Being infrastructure, distributed systems are rarely in the
limelight. The purpose of this course is to highlight these systems
and the beauty behind their designs. I posit that to know the 'stack'
and to engineer robust and high-performing systems today (and even
more so in the future) requires familiarity with distributed systems.
This course will cover a broad range of topics. We will often look
back to classic papers that introduced core concepts that structure
many of the existing designs. We will also discuss contemporary papers
that document the systems powering commercial services such as GMail.
Unlike standard courses on distributed systems, this course will focus
on abstractions.

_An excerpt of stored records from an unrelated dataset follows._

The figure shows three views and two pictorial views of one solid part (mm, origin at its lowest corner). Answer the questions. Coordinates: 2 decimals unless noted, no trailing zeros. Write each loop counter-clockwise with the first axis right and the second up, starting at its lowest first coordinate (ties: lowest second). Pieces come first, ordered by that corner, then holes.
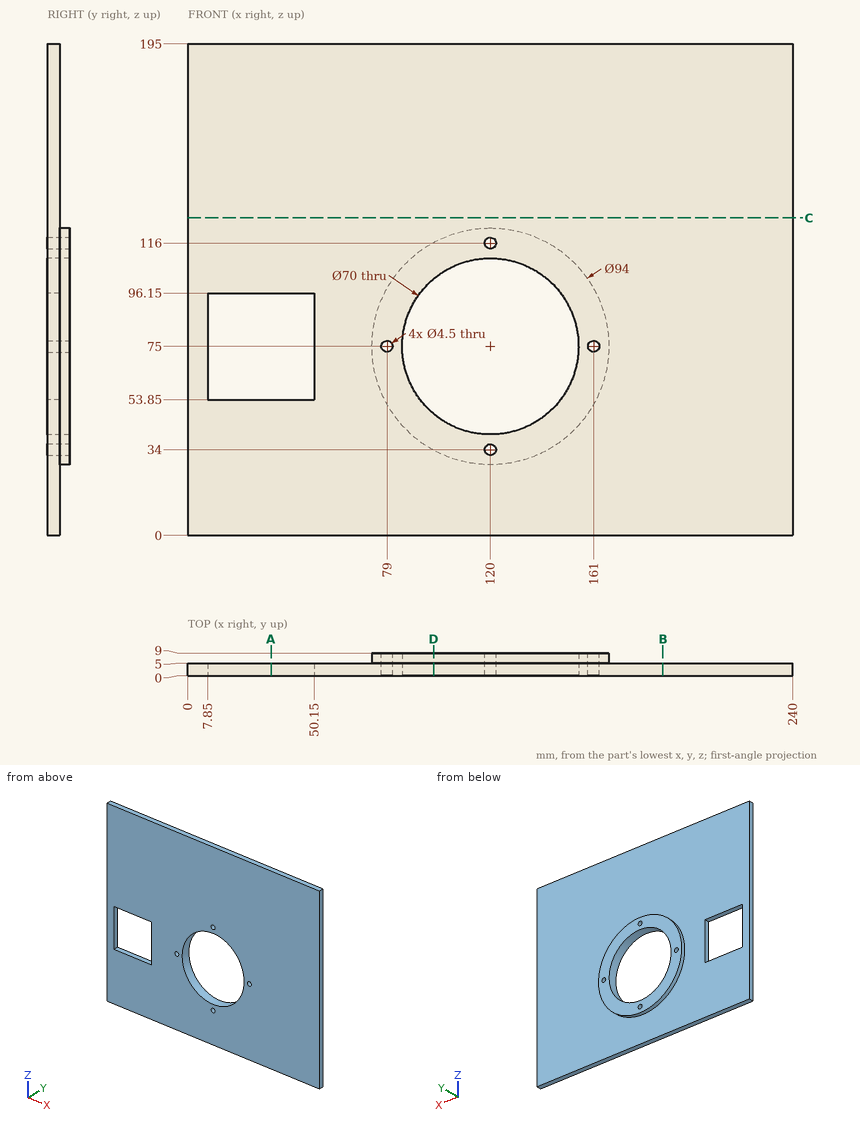
Q1. The part is cut by section A-A, the plane x = 33. Write down the section's boundary in (y, z), then the cut area to 4 significant figures.
Answers below:
outline: (0, 0) - (5, 0) - (5, 53.85) - (0, 53.85) - close; (0, 96.15) - (5, 96.15) - (5, 195) - (0, 195) - close
area: 763.5 mm2
Q2. Given pin 1 (4 mm diameter, centred on x = 120, z = 34, fed in from +Y); pin 2 (10 mm diameter, centred on x = 58.5, z = 107.5, fed in from +Y), each flat-ended and moving along its own axis, determine where each tip first touches the part or whether it passes through.
Answers below:
pin 1: passes through
pin 2: stops at y = 5
Q3. The part is cut by section D-D, the plane x = 97.5. Write down the section's boundary in (y, z), then the cut area to 3 significant figures.
Answers below:
outline: (0, 0) - (5, 0) - (5, 33.74) - (9, 33.74) - (9, 48.19) - (0, 48.19) - close; (0, 101.81) - (9, 101.81) - (9, 116.26) - (5, 116.26) - (5, 195) - (0, 195) - close
area: 823 mm2
Q4. The part is cut by section C-C, the plane z = 126. Write down the section's boundary in (x, y), then the cut area to 3 significant figures.
Answers below:
outline: (0, 0) - (240, 0) - (240, 5) - (0, 5) - close
area: 1,200 mm2
Q5. The part is cut by section B-B, the plane x = 188.5. Write down the section's boundary in (y, z), then the cut area to 3 significant figures.
Answers below:
outline: (0, 0) - (5, 0) - (5, 195) - (0, 195) - close
area: 975 mm2
Q6. Find the intervals of material crossed by probe 1 along X at (y, z) = (1.25, 74.5); probe 2 along Z at (x, y) = (121.5, 3.25); probe 3 along Z at (x, y) = (46, 3.25), in increasing order.
Answers below:
probe 1: x = 0 to 7.85, 50.15 to 76.81, 81.19 to 85, 155 to 158.81, 163.19 to 240
probe 2: z = 0 to 32.32, 35.68 to 40.03, 109.97 to 114.32, 117.68 to 195
probe 3: z = 0 to 53.85, 96.15 to 195
For this review, take the finished solid that the model builds, in its own axes (mm). Give positions to 0.01 mm unless a question says otherwise; leave off trailing zeros. Loops run counter-clockwise (first coordinate to the right, second up) from the corner with the lowest first, then second, coordinate; pieces in that order, holes last. Notation, with made-up numbers: (20.25, 54.5) - (42.25, 54.5) arc R20 cw to (42.25, 80.5) - close; hole circle Ø1 at (73.25, 5). An arc over 180 degrees is marked (long way). Answer in a Markdown table with one row per item.
```python
from build123d import *

# Parameters (mm, degrees)
F0_W     = 25
F0_H     = 25
F1_DEPTH = 3.175
F0_W_2   = 173.35
F0_H_2   = 143.35
F2_DEPTH = 9.525
F3_W     = 137
F3_H     = 3.175
F4_DEPTH = 25.4
F5_W     = 167
F5_H     = 3.175
F6_DEPTH = 1.5875
F7_W     = 167
F7_H     = 3.175
F8_DEPTH = 1.5875


with BuildPart() as f1:
    # F0 (on Top) → F1 (new body)
    with BuildSketch(Plane.XY):
        Polygon((-41.7, 68.5), (-67.1, 68.5), (-83.5, 68.5), (-83.5, 52.1), (-83.5, 26.7), (-83.5, -24.1), (-83.5, -49.5), (-83.5, -68.5), (-67.1, -68.5), (-41.7, -68.5), (-16.3, -68.5), (9.1, -68.5), (34.5, -68.5), (59.9, -68.5), (83.5, -68.5), (83.5, -49.5), (83.5, -24.1), (83.5, 26.7), (83.5, 52.1), (83.5, 68.5), (59.9, 68.5), (34.5, 68.5), (9.1, 68.5), (-16.3, 68.5), align=None)
        Rectangle(F0_W, F0_H, mode=Mode.SUBTRACT)
    extrude(amount=F1_DEPTH)

    # F0 (on Top) → F2 (join)
    with BuildSketch(Plane.XY):
        Rectangle(F0_W_2, F0_H_2)
        Polygon((-83.5, 68.5), (-67.1, 68.5), (-41.7, 68.5), (-16.3, 68.5), (9.1, 68.5), (34.5, 68.5), (59.9, 68.5), (83.5, 68.5), (83.5, 52.1), (83.5, 26.7), (83.5, -24.1), (83.5, -49.5), (83.5, -68.5), (59.9, -68.5), (34.5, -68.5), (9.1, -68.5), (-16.3, -68.5), (-41.7, -68.5), (-67.1, -68.5), (-83.5, -68.5), (-83.5, -49.5), (-83.5, -24.1), (-83.5, 26.7), (-83.5, 52.1), align=None, mode=Mode.SUBTRACT)
    extrude(amount=F2_DEPTH)

    # F3 (on face) → F4 (cut)
    with BuildSketch(Plane.YZ.offset(-83.5)):
        with Locations((0, 4.7625)):
            Rectangle(F3_W, F3_H)
    extrude(amount=-F4_DEPTH, mode=Mode.SUBTRACT)

    # F5 (on face) → F6 (join)
    with BuildSketch(Plane.XZ.offset(-68.5)):
        with Locations((0, 7.9375)):
            Rectangle(F5_W, F5_H)
    extrude(amount=F6_DEPTH)

    # F7 (on face) → F8 (join)
    with BuildSketch(Plane(origin=(0, -68.5, 0), x_dir=(-1, 0, 0), z_dir=(0, 1, 0))):
        with Locations((0, 7.9375)):
            Rectangle(F7_W, F7_H)
    extrude(amount=F8_DEPTH)


solid = f1.part
```
1. Clearance check with a flat-ended pin moving along its axis: pin 1 (3 mm diameter, centred on x = 69, y = 11.5, fed in from +Z) (3 decimals). State where the tip first meets the part, or that it passes through.
Values:
| item | result |
|---|---|
| pin 1 | stops at z = 3.175 |
2. Wall thickness on line 1 (Y direction, x = 28, z = 5) (3 decimals); line 2 (Y direction, x = 63, z = 7.25) (1 decimal); line 3 (X direction, y = 13.5, z = 6.75) (3 decimals): over which ranges is each line inside the solid? List them lowest first. Write a range as [from, to].
Values:
| item | result |
|---|---|
| line 1 | y = [-71.675, -68.5], [68.5, 71.675] |
| line 2 | y = [-71.7, -66.9], [66.9, 71.7] |
| line 3 | x = [-86.675, -83.5], [83.5, 86.675] |
3. We need section A-A, the plane y = 5. Give the boundary of the cut face in (x, z) (3 decimals).
Values:
| item | result |
|---|---|
| outline | (-86.675, 0) - (-12.5, 0) - (-12.5, 3.175) - (-86.675, 3.175) - close; (-86.675, 6.35) - (-83.5, 6.35) - (-83.5, 9.525) - (-86.675, 9.525) - close; (12.5, 0) - (86.675, 0) - (86.675, 9.525) - (83.5, 9.525) - (83.5, 3.175) - (12.5, 3.175) - close |
4. Mouldability with a two-part tool opening along X and no side actions: class faces 1 (the face through (-1, 71.675, 5)), 2 (the face through (-86.675, -1, 3)), 3 (the face through (83.5, 1, 6)), 4 (the face through (86.675, -1, 5)) as released by +X, released by -X, zero draft, split by the parting line, or undercut.
Values:
| item | result |
|---|---|
| face 1 | zero draft |
| face 2 | released by -X |
| face 3 | undercut |
| face 4 | released by +X |
5. We need section C-C, the plane y = 57.5. Give the boundary of the cut face in (x, z) (3 decimals).
Values:
| item | result |
|---|---|
| outline | (-86.675, 0) - (86.675, 0) - (86.675, 9.525) - (83.5, 9.525) - (83.5, 3.175) - (-86.675, 3.175) - close; (-86.675, 6.35) - (-83.5, 6.35) - (-83.5, 9.525) - (-86.675, 9.525) - close |
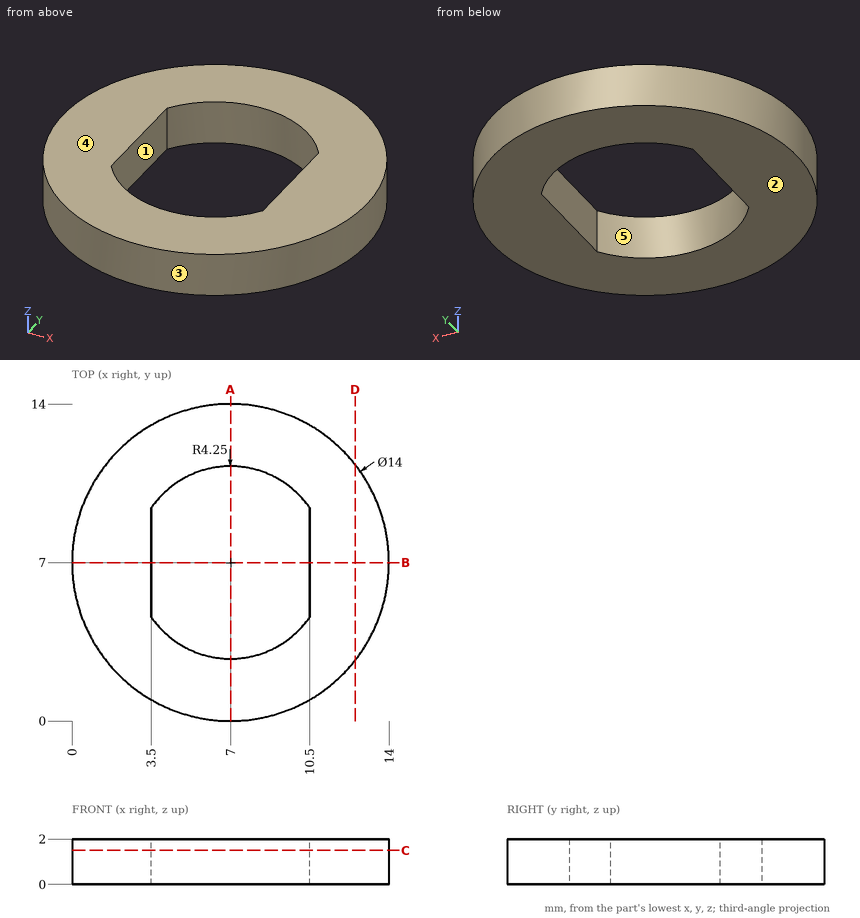
Verification items for this drawing (mm, ordinates from the low corner). A direction names the side the tool comes from. Coordinates: 2 decimals unless noted, no trailing zeros. Loops run counter-clockwise (first coordinate to the right, second up) from the corner with the lowest first, then second, coordinate; pieces in that order, holes last. Notation, with made-up numbers: (9.25, 59.5) - (60.25, 59.5) arc R21 cw to (60.25, 78.5) - close; hole circle Ø9 at (50.25, 62). An arc over 180 degrees is marked (long way). One line per item, written item: value. Start each with the question number.
(1) Cross-section at B-B on y = 7. Enter the section's corners in (x, z).
(2) Depth check by flat-ended pin: P1, Ø1, axis at y = 5.5, z = 1.5, coming from the +X side. Enter the tip coordinate at first touch or a pass-through.
(3) Cross-section at A-A on x = 7. Enter the section's corners in (y, z).
(4) Cross-section at D-D on x = 12.5. Enter the section's corners in (y, z).
(5) Material ranges on line 1 (Y direction, x = 5, z = 1.85); line 2 (Y direction, x = 7.75, z = 0.15); line 3 (X direction, y = 5.5, z = 0.6), recorded low to high. Write a range as [from, to].
(6) Tool access check on the marked faces 1 and 2. Record the directions out of +Z, -Z, +X, -X, +Y, -Y that give a thin tool (end or side, any length) a straight path to the whole face; none if there is none.
(7) Mould release check, pull along X, two halves, no side actions. Record for the marked faces 3, 4 and 5: released by +X, released by -X, zero draft, split by the parting line, or undercut.
(8) Cross-section at C-C on z = 1.5. Enter the section's corners in (x, y), plus the area to 3 significant figures.
Results below:
1. outline: (0, 0) - (3.5, 0) - (3.5, 2) - (0, 2) - close; (10.5, 0) - (14, 0) - (14, 2) - (10.5, 2) - close
2. P1: stops at x = 13.93
3. outline: (0, 0) - (2.75, 0) - (2.75, 2) - (0, 2) - close; (11.25, 0) - (14, 0) - (14, 2) - (11.25, 2) - close
4. outline: (2.67, 0) - (11.33, 0) - (11.33, 2) - (2.67, 2) - close
5. line 1: y = [0.29, 3.25], [10.75, 13.71]
5. line 2: y = [0.04, 2.82], [11.18, 13.96]
5. line 3: x = [0.16, 3.5], [10.5, 13.84]
6. face 1: +Z, -Z
6. face 2: -Z, +X, -X, +Y, -Y
7. face 3: split by the parting line
7. face 4: zero draft
7. face 5: undercut
8. outline: circle Ø14 at (7, 7); hole (3.5, 4.59) arc R4.25 ccw to (10.5, 4.59) - (10.5, 9.41) arc R4.25 ccw to (3.5, 9.41) - close
8. area: 102 mm2
For this review, take the finished solid that the model builds, in its own axes (mm). A direction names the side the tool comes from. Round coordinates to 2 decimals unless told otherwise and drop trailing zeros. Write each loop counter-clockwise with the first axis right and the second up, starting at its lowest first coordinate (ties: lowest second). Pieces come first, ordered by that corner, then holes. Notation, with made-up numbers: (-24.5, 69) -> (-19.5, 69) arc R30 cw to (-19.5, 101) -> close; hole circle Ø3 at (1.5, 21). An arc over 180 degrees is marked (long way). Answer in a Markdown table with one row per item. Add a question column.
```python
from build123d import *

# Parameters (mm, degrees)
SKETCH1_W                 = 322.453
SKETCH1_H                 = 14.859
BOSS_EXTRUDE1_DEPTH       = 9.398
SKETCH2_W                 = 6.35
SKETCH2_H                 = 13.335
CUT_EXTRUDE1_DEPTH        = 323.762823192
F_5_CLEARANCE_HOLE1_D     = 3.556
F_5_CLEARANCE_HOLE1_DEPTH = 1.524
F_5_CLEARANCE_HOLE2_D     = 3.556
F_5_CLEARANCE_HOLE2_DEPTH = 14.859
F_5_CLEARANCE_HOLE3_D     = 3.556
FILLET1_R                 = 0.635


with BuildPart() as part:
    # Sketch1 → Boss-Extrude1 (new body)
    with BuildSketch(Plane(origin=(-4.699, 0, 0), x_dir=(0, -1, 0), z_dir=(-1, 0, 0))):
        with Locations((-161.2265, -5.9055)):
            Rectangle(SKETCH1_W, SKETCH1_H)
    extrude(amount=-BOSS_EXTRUDE1_DEPTH)

    # Sketch2 → Cut-Extrude1 (cut, through all)
    with BuildSketch(Plane.XZ):
        with Locations((0, -6.6675)):
            Rectangle(SKETCH2_W, SKETCH2_H)
    extrude(amount=-CUT_EXTRUDE1_DEPTH, mode=Mode.SUBTRACT)

    # #5 Clearance Hole1
    with Locations(Plane(origin=(4.699, 0, 0), x_dir=(0, 0, -1), z_dir=(1, 0, 0))):
        with Locations((8.5725, 307.9115), (8.5725, 317.6905), (8.5725, 298.1325), (8.5725, 288.3535), (8.5725, 278.5745), (8.5725, 268.7955), (8.5725, 259.0165), (8.5725, 249.2375), (8.5725, 239.4585), (8.5725, 229.6795), (8.5725, 219.9005), (8.5725, 210.1215), (8.5725, 200.3425), (8.5725, 190.5635), (8.5725, 180.7845), (8.5725, 171.0055), (8.5725, 161.2265), (8.5725, 151.4475), (8.5725, 141.6685), (8.5725, 131.8895), (8.5725, 122.1105), (8.5725, 112.3315), (8.5725, 102.5525), (8.5725, 92.7735), (8.5725, 82.9945), (8.5725, 73.2155), (8.5725, 63.4365), (8.5725, 53.6575), (8.5725, 43.8785), (8.5725, 34.0995), (8.5725, 24.3205), (8.5725, 14.5415), (8.5725, 4.7625)):
            Hole(F_5_CLEARANCE_HOLE1_D / 2, depth=F_5_CLEARANCE_HOLE1_DEPTH)

    # #5 Clearance Hole2
    with Locations(Plane.XY.offset(1.524)):
        with Locations((0, 307.9115), (0, 317.6905), (0, 298.1325), (0, 288.3535), (0, 278.5745), (0, 268.7955), (0, 259.0165), (0, 249.2375), (0, 239.4585), (0, 229.6795), (0, 219.9005), (0, 210.1215), (0, 200.3425), (0, 190.5635), (0, 180.7845), (0, 171.0055), (0, 161.2265), (0, 151.4475), (0, 141.6685), (0, 131.8895), (0, 122.1105), (0, 112.3315), (0, 102.5525), (0, 92.7735), (0, 82.9945), (0, 73.2155), (0, 63.4365), (0, 53.6575), (0, 43.8785), (0, 34.0995), (0, 24.3205), (0, 14.5415), (0, 4.7625)):
            Hole(F_5_CLEARANCE_HOLE2_D / 2, depth=F_5_CLEARANCE_HOLE2_DEPTH)

    # #5 Clearance Hole3 (through all)
    with Locations(Plane(origin=(-3.175, 0, 0), x_dir=(0, 0, -1), z_dir=(1, 0, 0))):
        with Locations((8.5725, 307.9115), (8.5725, 317.6905), (8.5725, 298.1325), (8.5725, 288.3535), (8.5725, 278.5745), (8.5725, 268.7955), (8.5725, 259.0165), (8.5725, 249.2375), (8.5725, 239.4585), (8.5725, 229.6795), (8.5725, 219.9005), (8.5725, 210.1215), (8.5725, 200.3425), (8.5725, 190.5635), (8.5725, 180.7845), (8.5725, 171.0055), (8.5725, 161.2265), (8.5725, 151.4475), (8.5725, 141.6685), (8.5725, 131.8895), (8.5725, 122.1105), (8.5725, 112.3315), (8.5725, 102.5525), (8.5725, 92.7735), (8.5725, 82.9945), (8.5725, 73.2155), (8.5725, 63.4365), (8.5725, 53.6575), (8.5725, 43.8785), (8.5725, 34.0995), (8.5725, 24.3205), (8.5725, 14.5415), (8.5725, 4.7625)):
            Hole(F_5_CLEARANCE_HOLE3_D / 2)

    # Fillet1
    fillet1_edges = [part.edges().sort_by_distance(p)[0] for p in [
        (-3.937, 322.453, -13.335),
        (-3.937, 0, -13.335),
        (3.937, 0, -13.335),
        (3.937, 322.453, -13.335),
    ]]
    fillet(fillet1_edges, radius=FILLET1_R)


solid = part.part
```
1. We need section B-B (x = 0). Count the separate pieces of the cut face and the enclosed holes in it, plus the area to 3 significant figures.
2. Clearance check with a flat-ended pin moving along its axis: pin 1 Ø3 at (x, y) = (0, 34.1) entering from -Z. State where the tip first meets the part, or that it passes through.
3. We need section C-C (y = 293.5). Write out the cut boundary in (x, z) (3 decimals).
4. Tool access review of faces 1 (the flat face through (-3.175, 159, -7)), 2 (the flat face through (-4, 0, -4)): name each direction out of +Z, -Z, +X, -X, +Y, -Y from which nothing blocks a thin tool from reaching the whole face with its end or side.
5. We need section A-A (z = -4.25). Write out the cut boundary in (x, y) (3 decimals).
6. For L1, parallel to X at y = 136, z = -10.25 (3 decimals); L2, parallel to Z at x = -1.75, y = 256.5, list the stretches that pass through material, from the lowest coordinate up. Write a range as [from, to].
Response:
| question | item | result |
|---|---|---|
| 1 | separate pieces | 34 |
| 1 | enclosed holes | 0 |
| 1 | area | 313 mm2 |
| 2 | pin 1 | through |
| 3 | outline | (-4.699, -13.335) -> (-3.175, -13.335) -> (-3.175, 0) -> (3.175, 0) -> (3.175, -13.335) -> (4.699, -13.335) -> (4.699, 1.524) -> (-4.699, 1.524) -> close |
| 4 | face 1 | -Z, +Y, -Y |
| 4 | face 2 | +Z, -Z, +X, -X, -Y |
| 5 | outline | (-4.699, 0) -> (-3.175, 0) -> (-3.175, 322.453) -> (-4.699, 322.453) -> close; (3.175, 0) -> (4.699, 0) -> (4.699, 322.453) -> (3.175, 322.453) -> close |
| 6 | L1 | [-4.699, -3.175], [3.175, 4.699] |
| 6 | L2 | [0, 1.52] |

Dijkstra has a wonderful quote that gets to the
heart of abstractions in computer science:
The purpose of abstraction is not to be
vague, but to create a new semantic level in which one can be
absolutely precise.
Powerful abstractions are a common theme in distributed systems (and
really all software and hardware computing systems). This course will
focus on a select number of abstractions that have persisted over time
and continue to influence modern system designs. For example, some
abstractions capture notions of coordination (consensus), others
consider fault tolerance (replicated state machines) and consistency
semantics (eventual consistency). These abstractions are worth
studying because each one provides an accessible entry into the design
of what are generally highly complex artifacts.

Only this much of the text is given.